DATA PROVIDED:
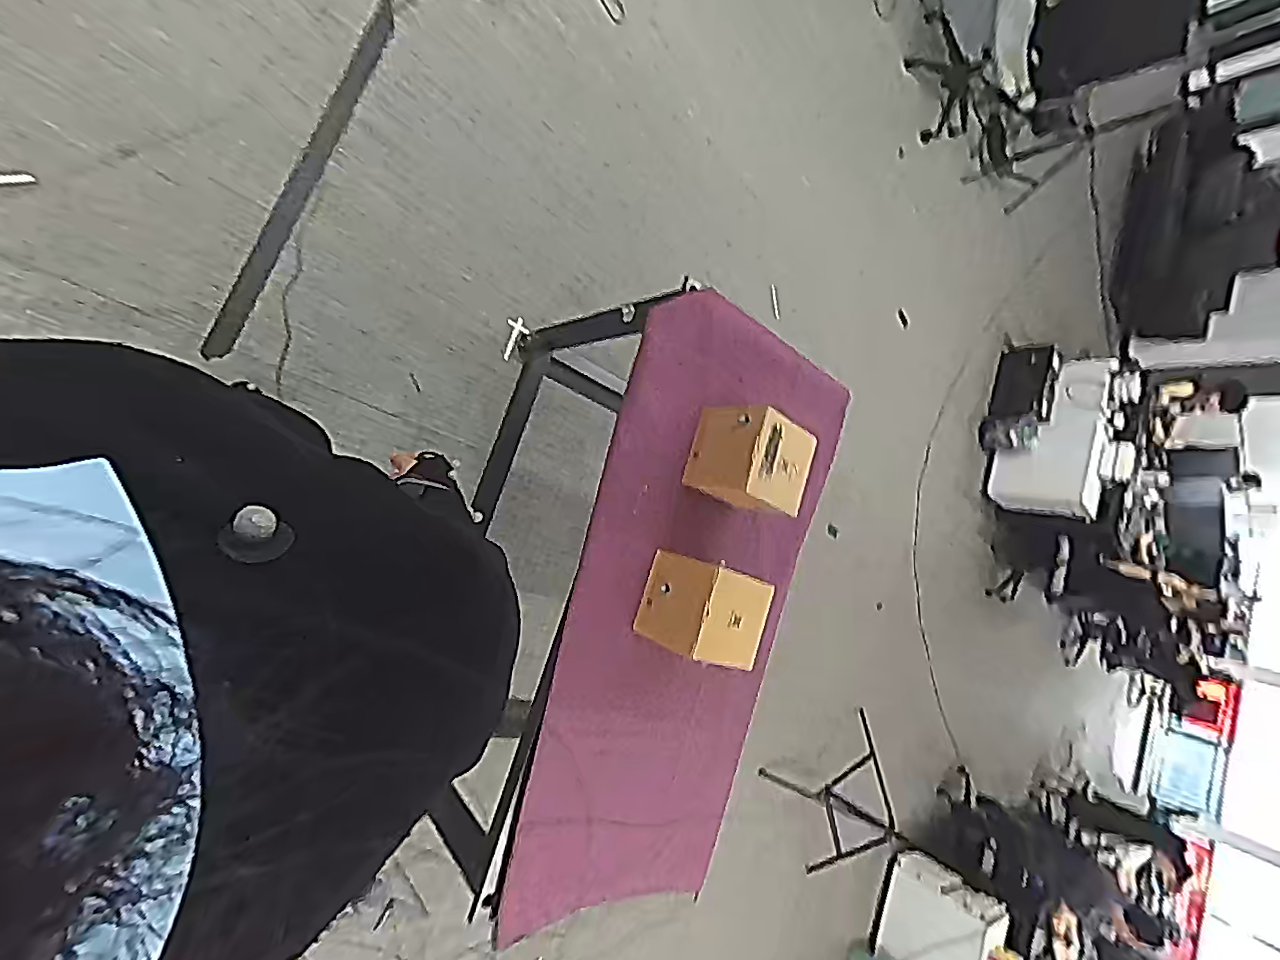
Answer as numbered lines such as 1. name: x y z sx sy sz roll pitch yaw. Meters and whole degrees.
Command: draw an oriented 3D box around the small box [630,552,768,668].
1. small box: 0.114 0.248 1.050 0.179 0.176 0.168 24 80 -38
==
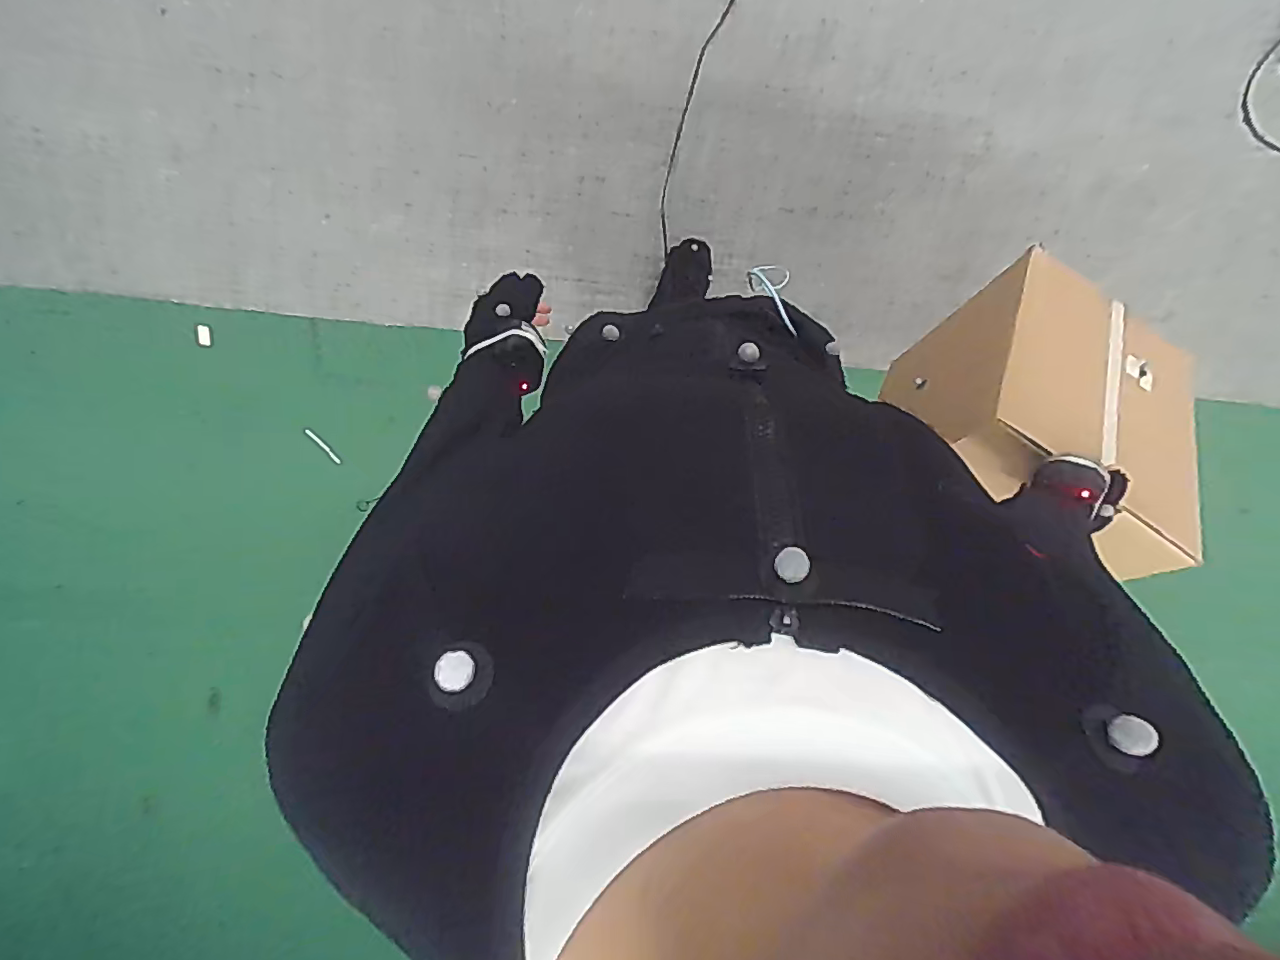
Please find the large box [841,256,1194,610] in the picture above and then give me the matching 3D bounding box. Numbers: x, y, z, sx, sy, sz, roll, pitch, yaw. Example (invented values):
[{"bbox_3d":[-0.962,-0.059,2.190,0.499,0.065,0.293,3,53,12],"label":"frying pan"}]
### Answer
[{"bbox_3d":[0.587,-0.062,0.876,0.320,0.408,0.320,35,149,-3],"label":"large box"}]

EXERCISE DIRECTIONS: Every line containing the string "pitch" in the entries should be counted; give the resulting number and nothing else.

REPLY TO THE EXERCISE: 2